> [GOAL OF THE EXERCISE]
Each line below is to be copied exactly; images do not go into the copy.

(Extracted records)
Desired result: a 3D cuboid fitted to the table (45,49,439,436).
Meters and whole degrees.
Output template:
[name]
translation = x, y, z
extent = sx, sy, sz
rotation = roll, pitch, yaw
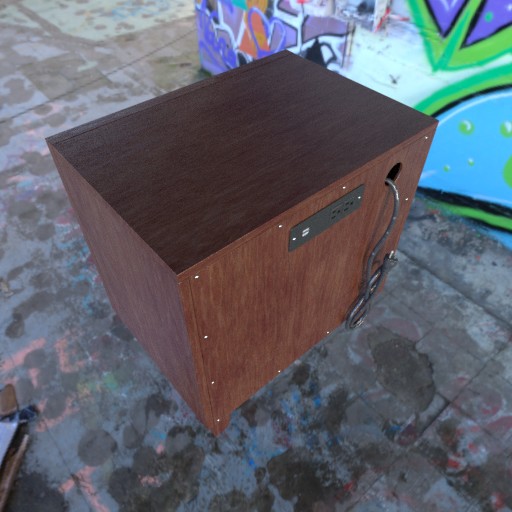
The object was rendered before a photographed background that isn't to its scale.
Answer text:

> [REPLY]
Desired result: a 3D cuboid fitted to the table (45,49,439,436).
Meters and whole degrees.
Output template:
[name]
translation = x, y, z
extent = sx, sy, sz
rotation = roll, pitch, yaw
The object was rendered before a photographed background that isn't to its scale.
Answer text:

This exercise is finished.